Review: Fading Gigolo
PLOT: Fioravante is a down-on-his luck, part-time florist and recently laid off clerk at a closed bookstore. With a little nudge from his ex-boss Murray, the middle-aged man finds himself entertaining wealthy women for money.
There are a handful of relationships that are explored in the new film FADING GIGOLO yet not all of them work. Written, directed and starring John Turturro, the story revolves around a casual suggestion about having a ménage à trois. The improbable beginning features Woody Allen and Turturro as two friends closing up their bookstore for good and discussing a possible way to make a few extra bucks. All this happens before the opening credits are finished. The two women looking to have a three-way are Sharon Stone and Sofía Vergara and they need a man like Turturro to make it all happen. If you are going to do a vanity project, I cant say I blame him for this one.
Turturro plays the mild-mannered, gentlemanly Fioravante who worked for Murray, a used to be book store owner who is closing the store down.

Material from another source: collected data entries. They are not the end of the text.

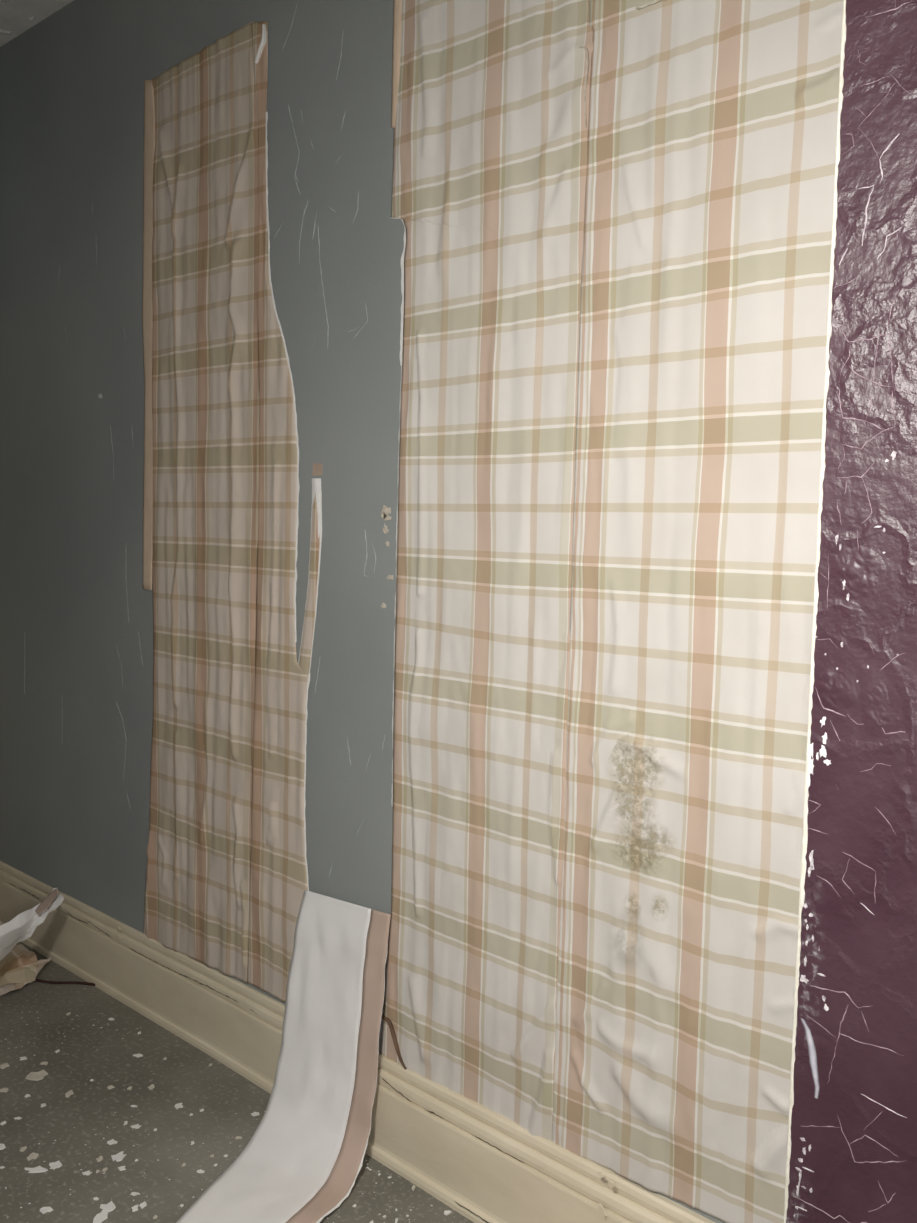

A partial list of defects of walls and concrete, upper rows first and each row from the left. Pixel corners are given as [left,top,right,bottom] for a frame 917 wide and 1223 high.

crack [868,0,911,17]
crack [833,51,910,289]
crack [837,290,899,548]
peeling [381,505,392,547]
crack [815,687,903,741]
crack [808,763,890,915]
crack [807,986,903,1084]
crack [792,1094,907,1223]
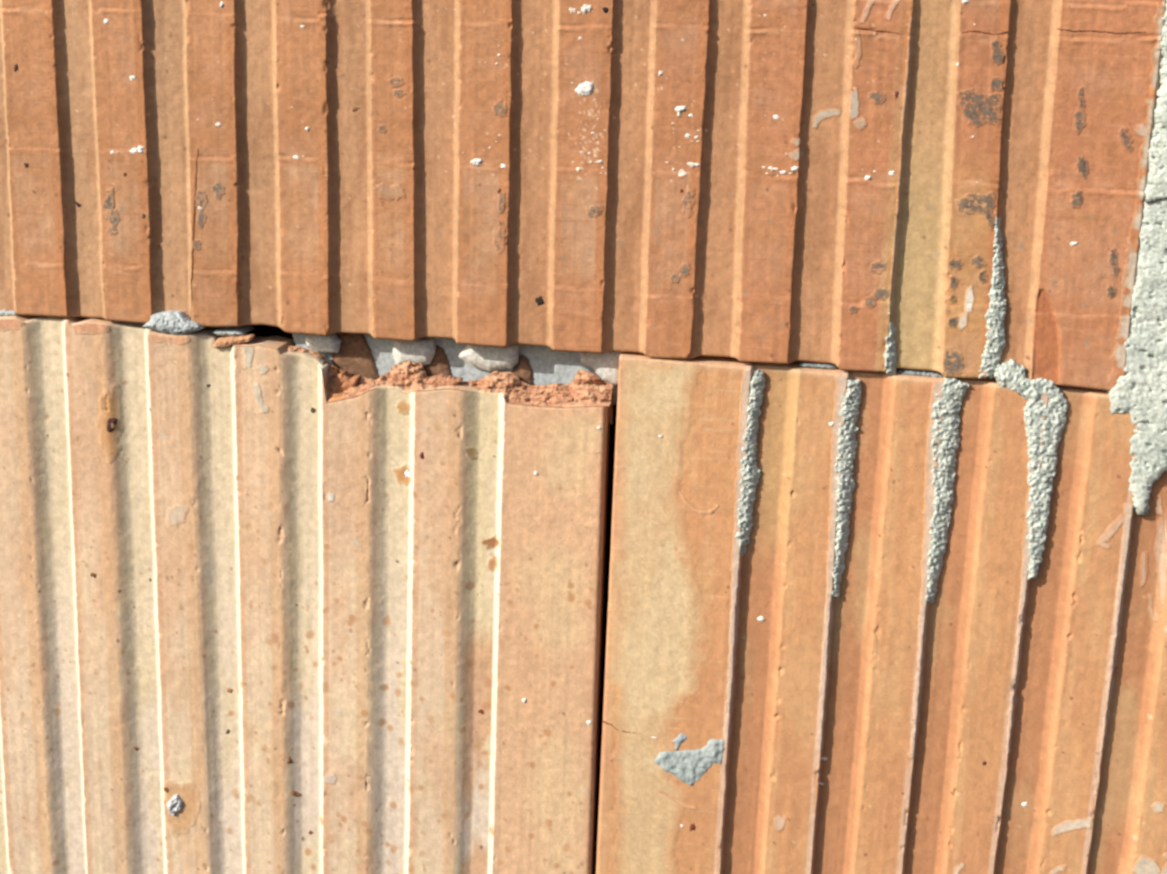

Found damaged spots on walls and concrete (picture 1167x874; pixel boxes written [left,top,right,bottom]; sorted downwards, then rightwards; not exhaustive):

spalling [212,334,613,425]
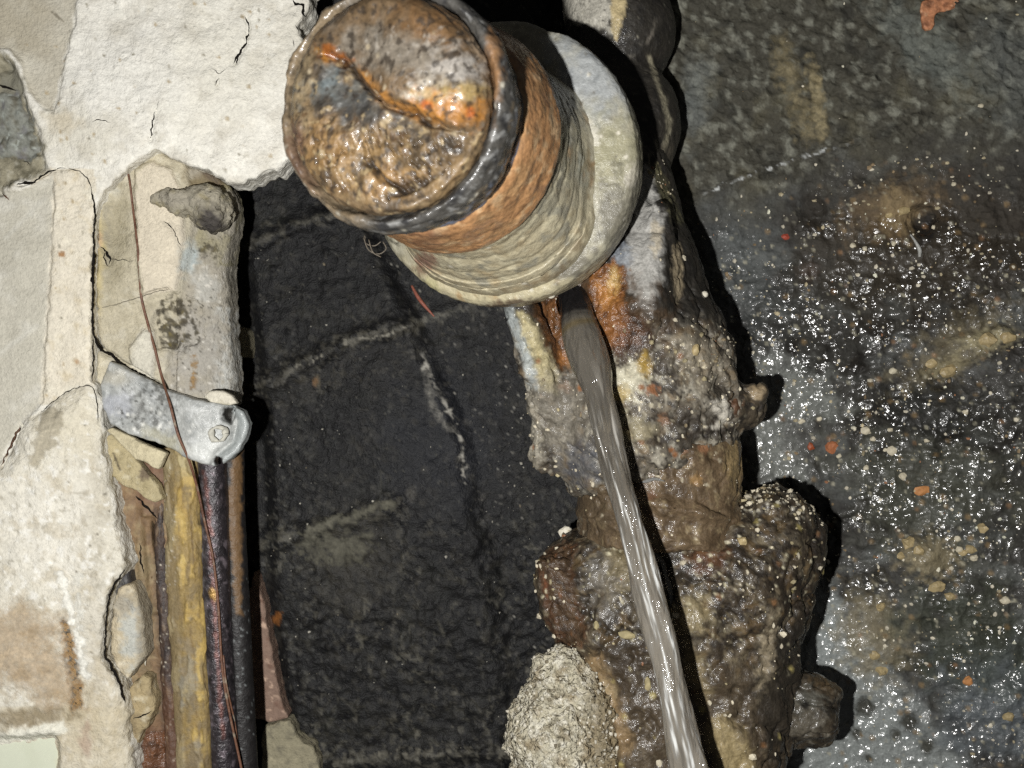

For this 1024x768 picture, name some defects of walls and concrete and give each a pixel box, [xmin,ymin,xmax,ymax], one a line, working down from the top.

crack [213,19,250,83]
crack [293,0,305,45]
peeling [239,326,255,358]
rust [536,298,568,372]
rust [588,259,652,356]
peeling [204,390,239,405]
peeling [107,427,169,502]
flaking render [111,580,155,679]
flaking render [250,569,292,722]
rust [141,730,166,768]
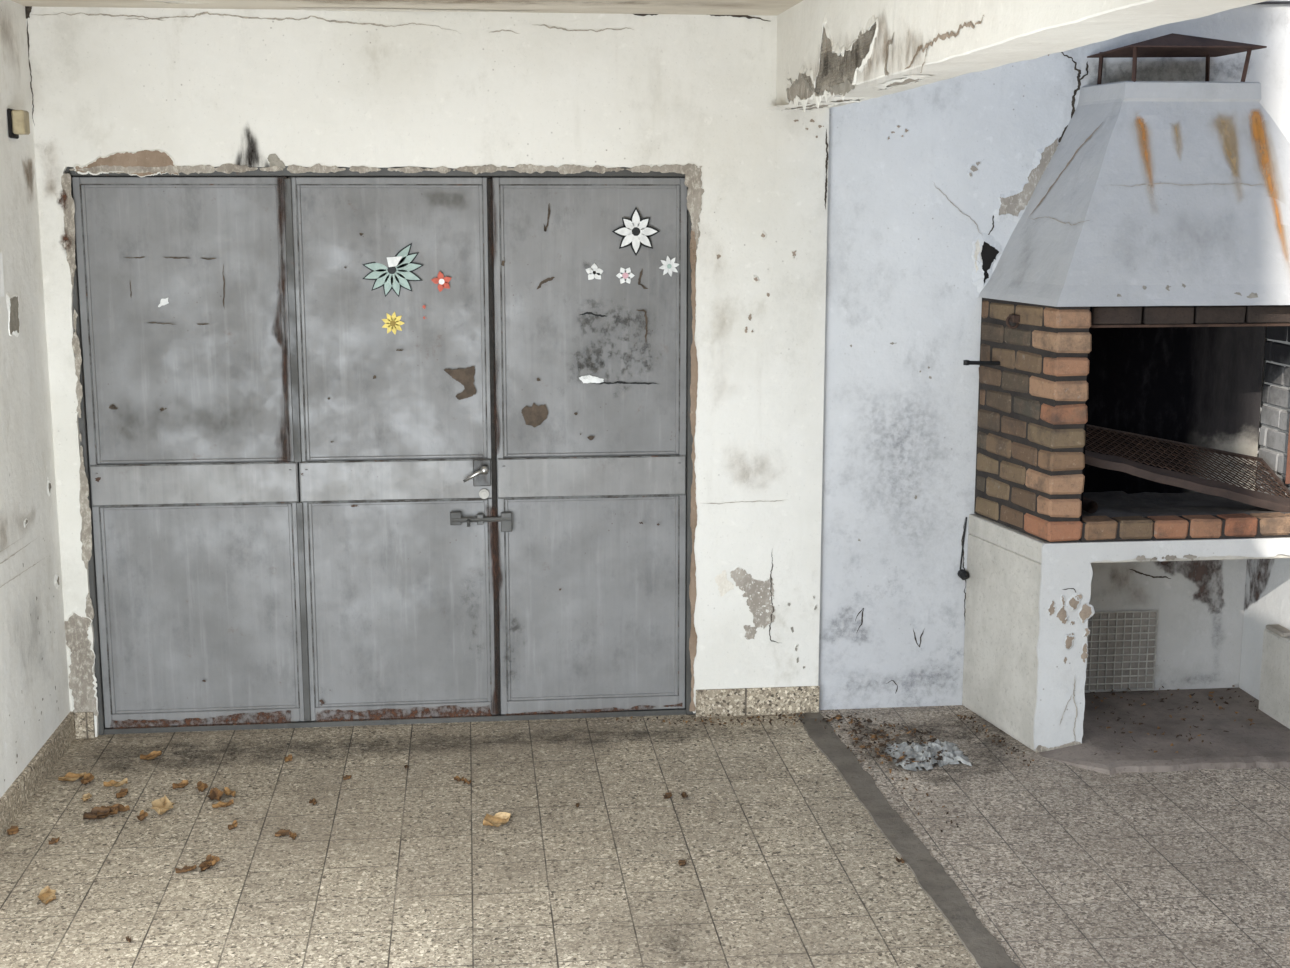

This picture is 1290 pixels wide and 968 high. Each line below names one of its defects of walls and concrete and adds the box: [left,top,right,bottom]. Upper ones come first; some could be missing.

spalling [767,13,933,210]
crack [934,183,994,235]
crack [1028,52,1103,226]
corrosion [1138,119,1150,172]
corrosion [1251,111,1284,244]
spalling [61,149,704,712]
spalling [30,593,98,716]
corrosion [112,710,291,729]
corrosion [487,507,502,602]
corrosion [318,670,683,722]
peeling [715,556,791,643]
peeling [1047,593,1095,664]
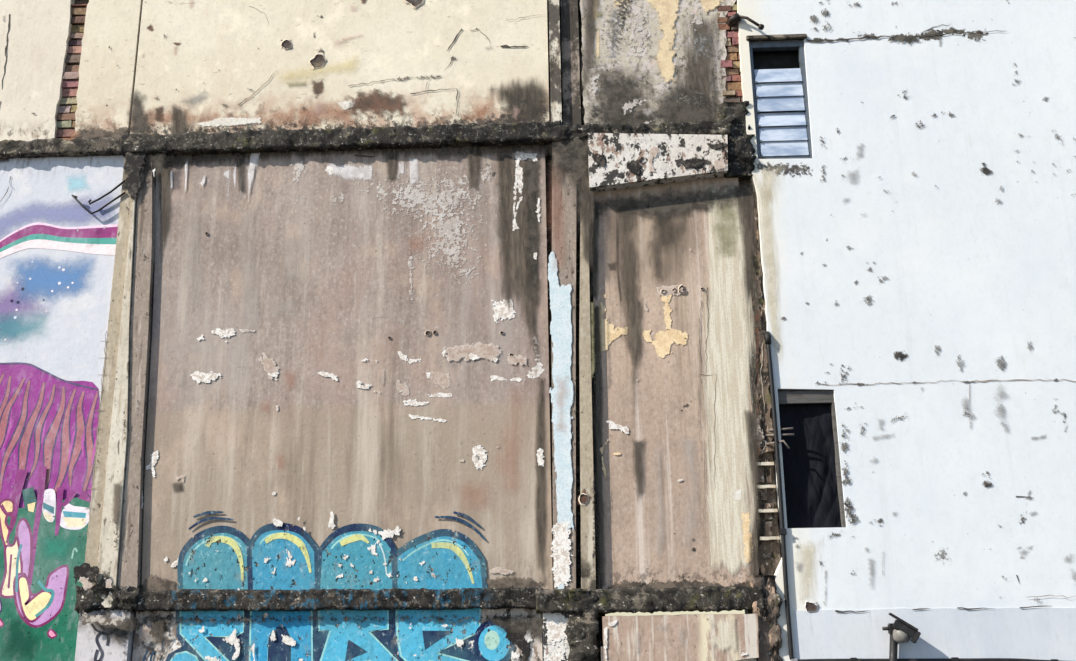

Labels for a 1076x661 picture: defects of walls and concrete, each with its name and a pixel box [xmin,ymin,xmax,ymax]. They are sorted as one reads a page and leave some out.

water stain [584,0,717,126]
flaking render [700,0,743,103]
crack [806,24,999,44]
rust [188,116,265,127]
water stain [129,91,547,134]
rust [279,89,406,123]
rust [499,81,541,114]
water stain [123,133,826,595]
peeling [700,187,794,575]
crack [822,378,1076,401]
peeling [205,629,255,661]
peeling [486,613,568,661]
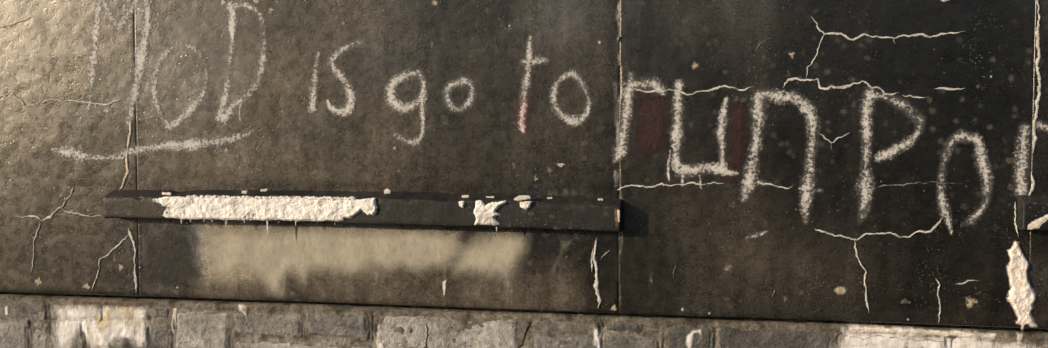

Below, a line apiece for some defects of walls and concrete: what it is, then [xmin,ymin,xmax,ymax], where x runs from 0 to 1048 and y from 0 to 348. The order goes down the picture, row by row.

crack [0,16,34,28]
crack [0,93,131,190]
crack [633,85,750,95]
crack [784,18,964,98]
crack [1014,0,1041,233]
crack [617,182,722,190]
crack [19,184,103,274]
crack [92,229,138,292]
damp [148,195,523,295]
crack [816,215,945,311]
crack [845,279,1044,348]
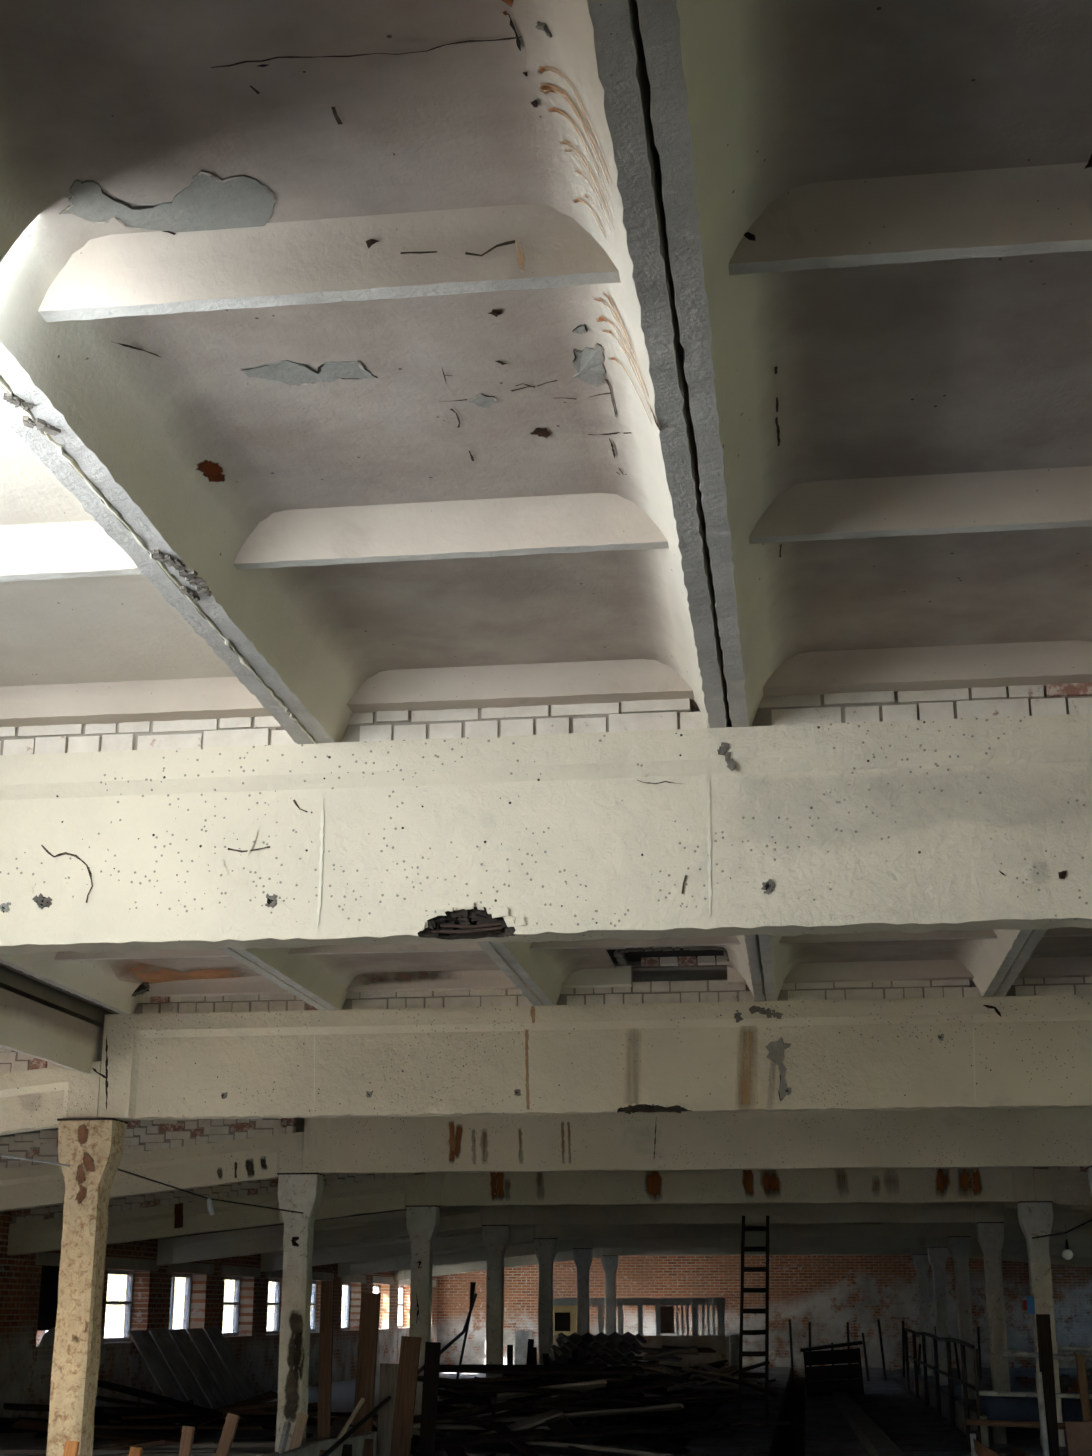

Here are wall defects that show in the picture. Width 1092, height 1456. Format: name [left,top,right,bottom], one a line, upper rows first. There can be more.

crack [211,21,552,94]
rust [502,0,521,51]
rust [538,66,612,234]
peeling [59,171,277,235]
peeling [240,360,377,387]
peeling [572,324,606,388]
rust [595,294,660,430]
crack [773,366,781,446]
crack [41,845,93,903]
spalling [408,902,526,937]
spalling [734,1005,782,1023]
leakage [284,1310,305,1422]
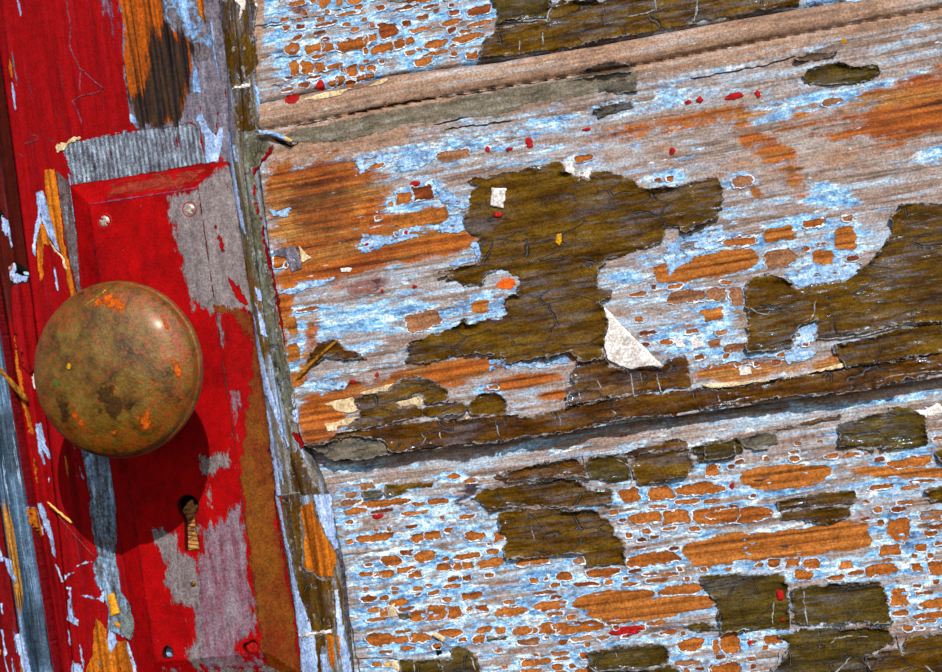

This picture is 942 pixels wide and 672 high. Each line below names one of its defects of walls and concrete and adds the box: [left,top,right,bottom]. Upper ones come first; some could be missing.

peeling [278,0,868,100]
peeling [355,146,471,175]
peeling [32,0,335,452]
peeling [11,283,38,389]
corrosion [94,292,126,313]
corrosion [56,398,85,427]
corrosion [97,382,152,435]
peeling [266,154,942,672]
peeling [198,452,230,477]
peeling [152,458,279,672]

It seems that while at his dermatologists office, Murray had a conversation with Dr. Parker (Stone) where she mentioned that she and her incredibly hot girlfriend (Vergara) are looking to get kinky with a third party. Lucky for the ladies, he has an incredibly charming friend named Fioravante who would be a good fit for their sexual exploits. Soon, this all-too-nice man finds himself working as a gigolo and meeting a few interesting women along the way. It follows this awkwardly executed story around and eventually builds up to one of the most uninspired cinematic ménage à trois ever captured on film.
The casual nature of FADING GIGOLO is not quite as terrible as it seems, yet the quirky cuteness of it all wears thin. That is until Fioravante meets a demure and devout Jewish widow named Avigal (Vanessa Paradis). The French actress is especially enduring in the moments she shares with Turturro. These are by far the most thoughtful and beautifully realized scenes in the film. While her role is only slightly better written than both Vergara and Stone, she gives a very eloquent portrayal of a woman searching for her place. Its a shame we couldnt have seen more of her complex relations with not only Fioravante, but the terrific Liev Schreiber as a local community officer as well.
The problem begins early on as we are expected to believe in the quirky nature of Allen and Turturros friendship. Their conversations look to engage in the ideas of sex and the constant fear of aging, yet they at times feel like just words tossed back and forth. Allen once again plays a neurotic older man who is more than a little clueless and a lot deceitful, but in a likable sort of way. Turturro is not surprisingly very good here, yet it isnt until he meets the lovely Paradis where we see the stuff that he is made of. Had this been the focus of FADING GIGOLO, it would have been a far more inviting tale.
Playing this film as a sort of sex comedy, the filmmaker does have the ability to find a few charming moments. Yet this affair all too often falls for cheap shots, especially one scene involving a bland sexual encounter that cuts to a man on the street shooting off a water hose and it's just bad. There is so much here that is smarter than this that when it goes for the lowbrow humor, it tends to feel out of place and more than a little unimaginative.
Musically speaking, the constant jazz and classic tunes are terribly overused, especially when you have to struggle to hear a conversation thanks to trumpets and such saturating the score. I love music in films yet much like the story and characters, FADING GIGOLO is a mixed bag of sound and ideas that occasionally finds a sense of balance. It isnt until nearly halfway through where I found myself curious, and on occasion, touched by the story. Not without its charms, this modern day Don Juan tale and his complicated relations fails to live up to promise of what could have been.